Exercise goal =>
Keep every word of the listing and reproduce it exactly, but set aside any image found there.

Data section =>
BEGIN
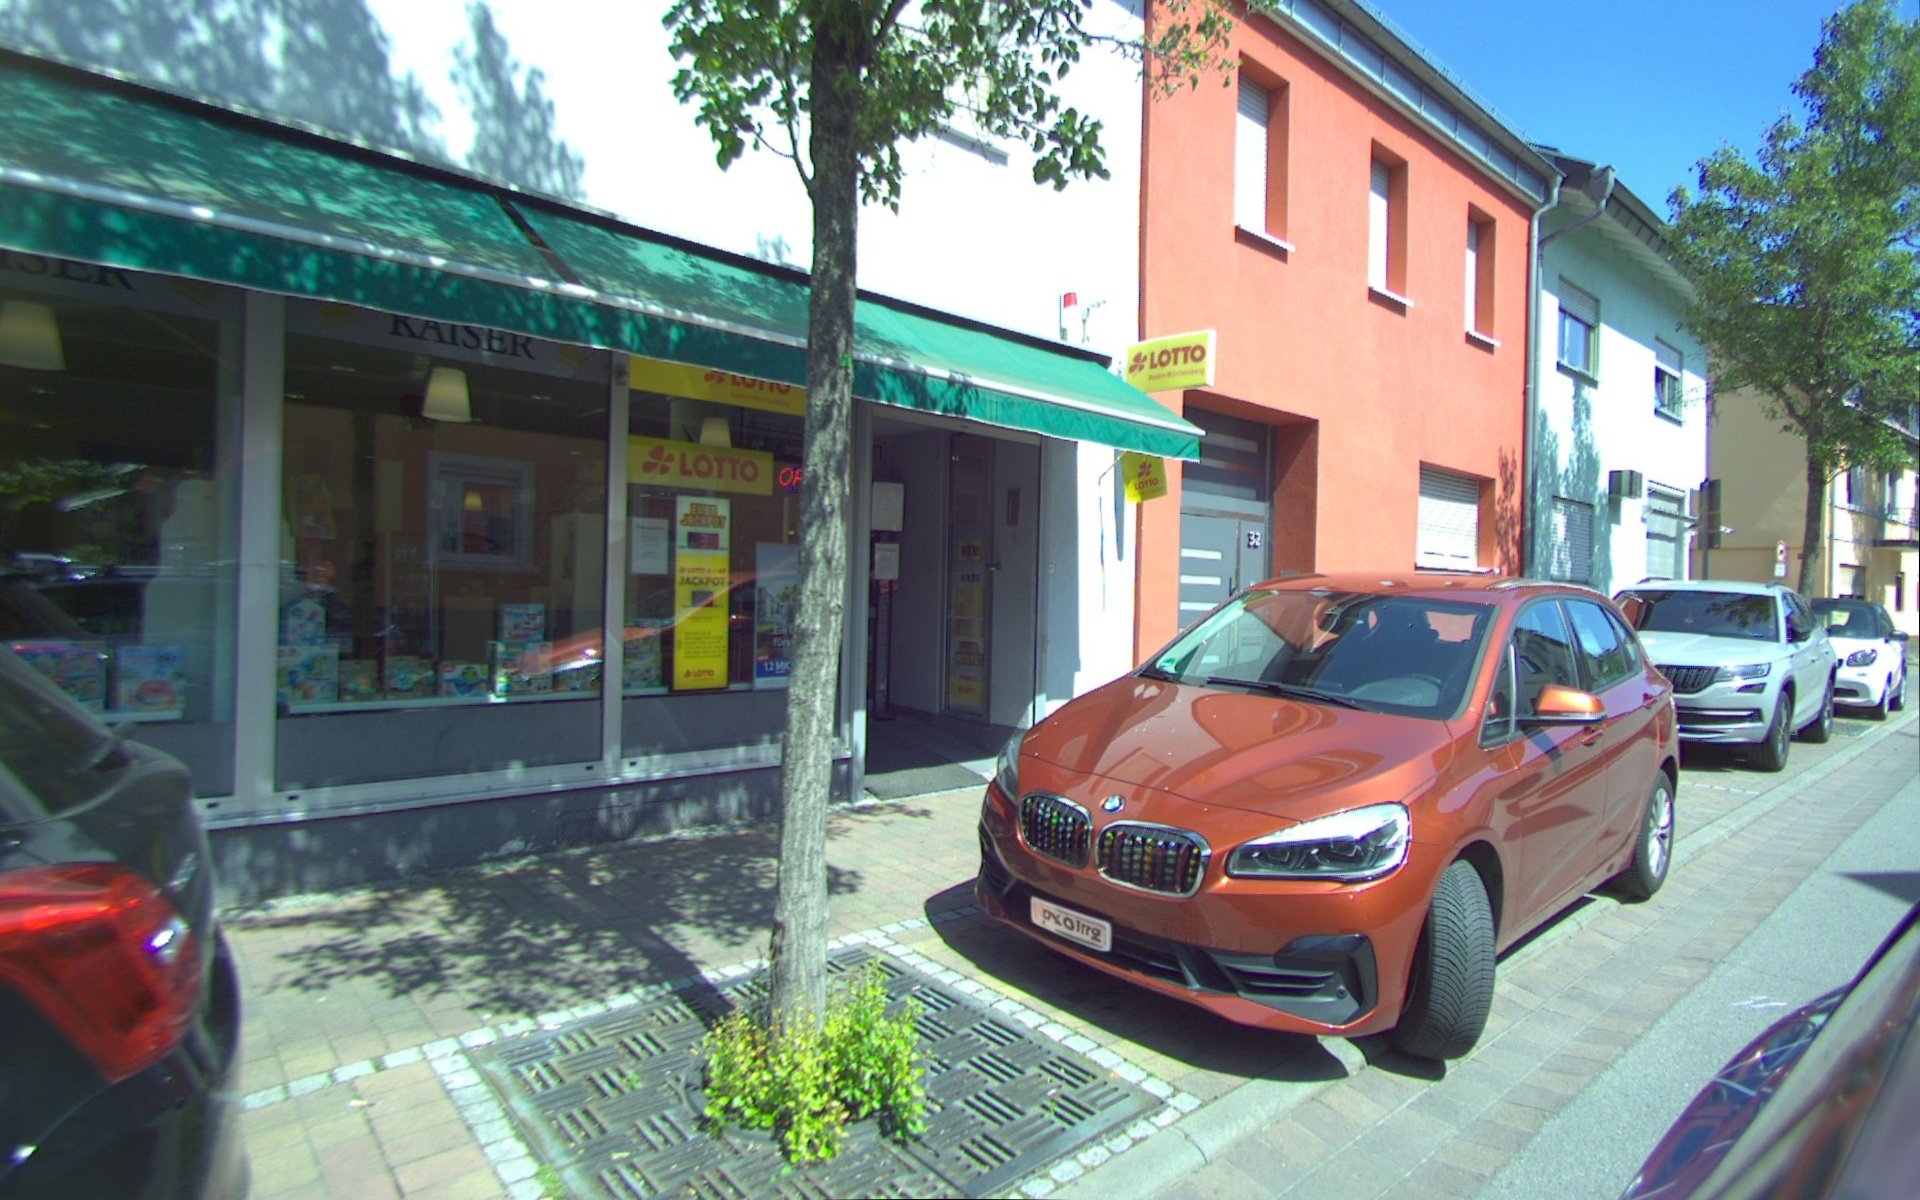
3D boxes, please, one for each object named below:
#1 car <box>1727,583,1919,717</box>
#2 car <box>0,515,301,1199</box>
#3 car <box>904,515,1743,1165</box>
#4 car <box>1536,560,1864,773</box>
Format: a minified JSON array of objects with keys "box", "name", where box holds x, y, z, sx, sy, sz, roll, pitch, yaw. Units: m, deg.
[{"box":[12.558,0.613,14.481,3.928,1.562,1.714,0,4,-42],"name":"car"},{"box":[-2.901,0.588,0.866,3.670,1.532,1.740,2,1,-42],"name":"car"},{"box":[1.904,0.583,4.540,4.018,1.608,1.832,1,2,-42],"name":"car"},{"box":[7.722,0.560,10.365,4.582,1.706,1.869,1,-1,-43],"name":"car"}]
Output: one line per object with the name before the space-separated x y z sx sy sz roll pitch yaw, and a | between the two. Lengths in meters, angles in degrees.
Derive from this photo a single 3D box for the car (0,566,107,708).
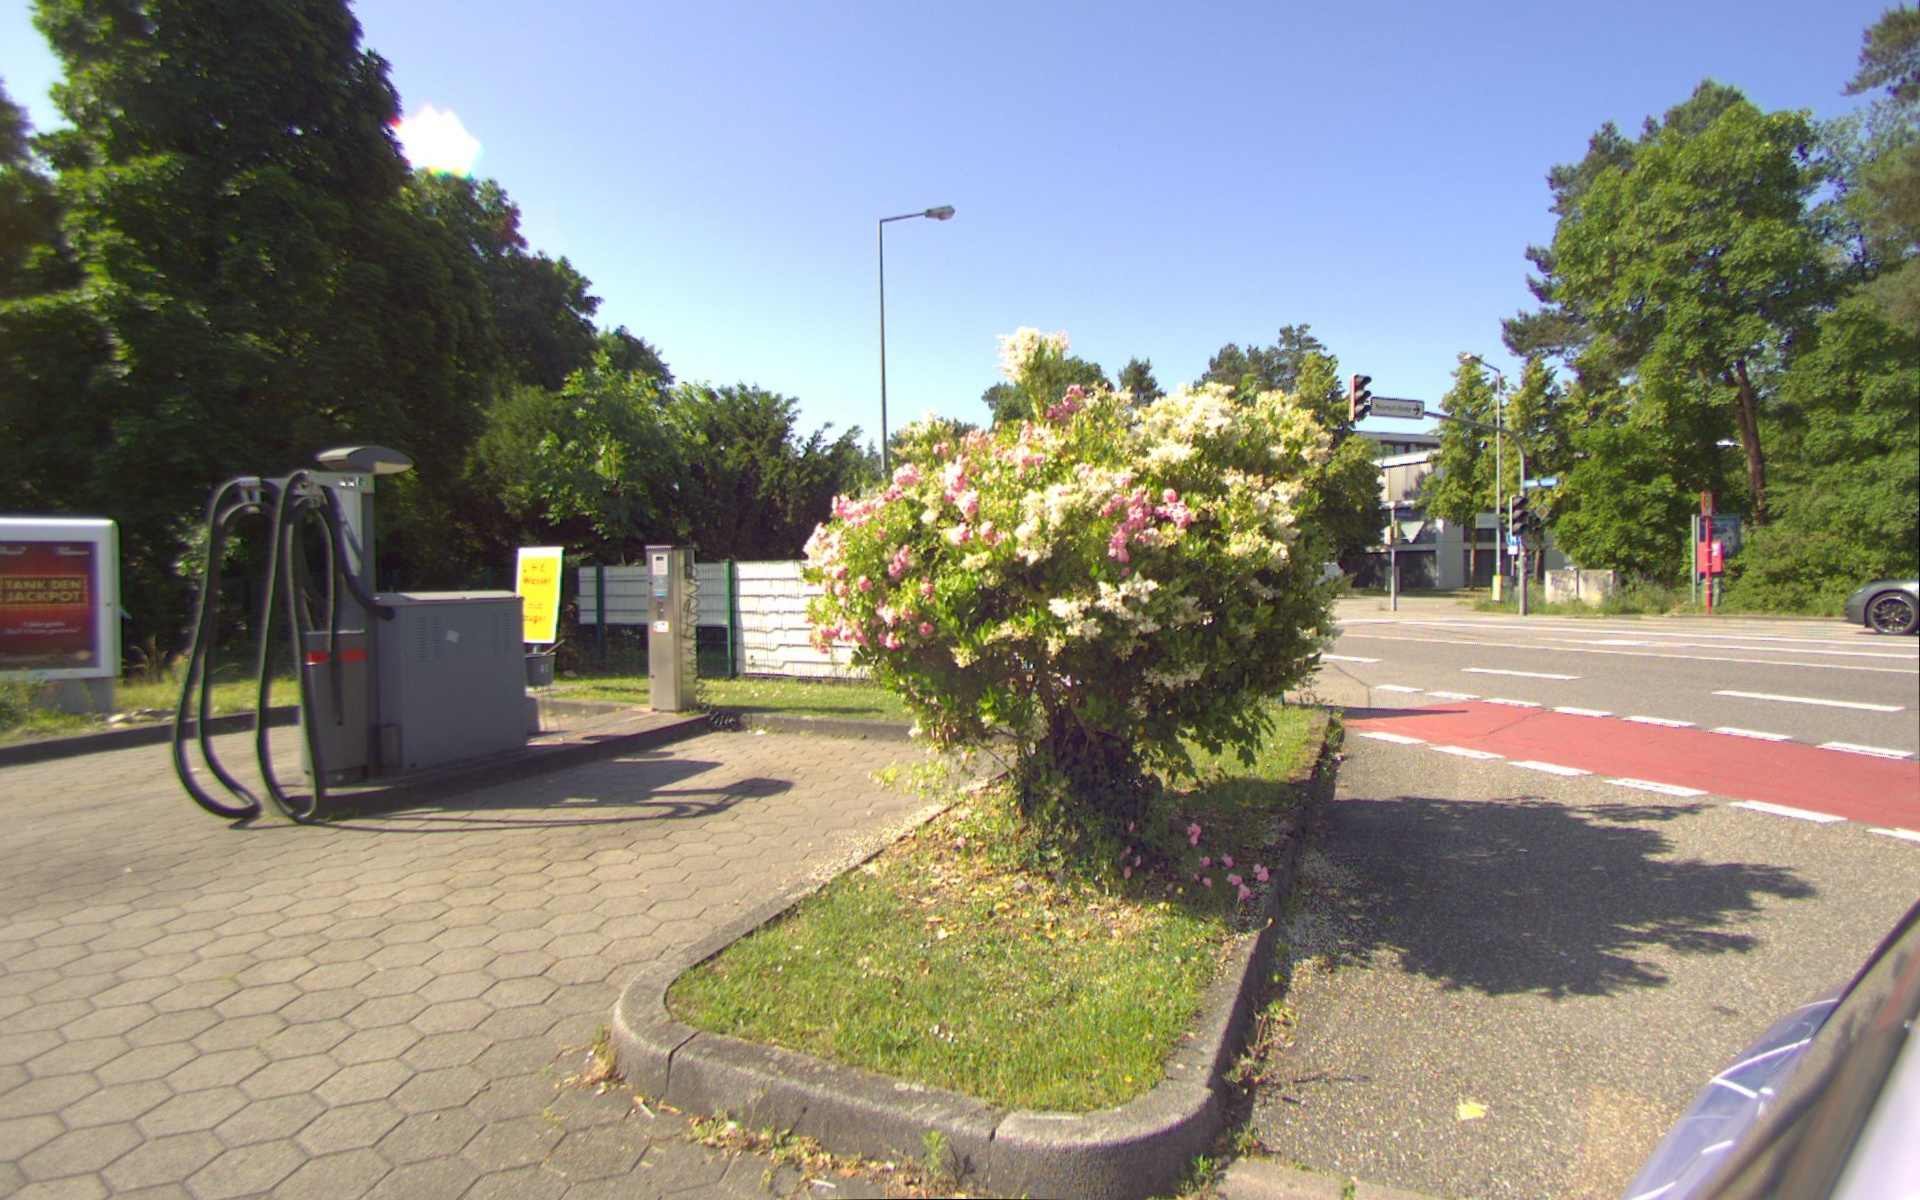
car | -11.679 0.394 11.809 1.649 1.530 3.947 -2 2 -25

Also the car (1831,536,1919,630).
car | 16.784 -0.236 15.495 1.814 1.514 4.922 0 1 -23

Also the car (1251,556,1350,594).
END
Final answer =>
3D boxes, please, one for each object named below:
#1 car <box>1727,583,1919,717</box>
#2 car <box>0,515,301,1199</box>
#3 car <box>904,515,1743,1165</box>
#4 car <box>1536,560,1864,773</box>
Format: a minified JSON array of objects with keys "box", "name", where box holds x, y, z, sx, sy, sz, roll, pitch, yaw. Units: m, deg.
[{"box":[12.558,0.613,14.481,3.928,1.562,1.714,0,4,-42],"name":"car"},{"box":[-2.901,0.588,0.866,3.670,1.532,1.740,2,1,-42],"name":"car"},{"box":[1.904,0.583,4.540,4.018,1.608,1.832,1,2,-42],"name":"car"},{"box":[7.722,0.560,10.365,4.582,1.706,1.869,1,-1,-43],"name":"car"}]
Output: one line per object with the name before the space-separated x y z sx sy sz roll pitch yaw, and a | between the two. Lengths in meters, angles in degrees.
Derive from this photo a single 3D box for the car (0,566,107,708).
car | -11.679 0.394 11.809 1.649 1.530 3.947 -2 2 -25

Also the car (1831,536,1919,630).
car | 16.784 -0.236 15.495 1.814 1.514 4.922 0 1 -23

Also the car (1251,556,1350,594).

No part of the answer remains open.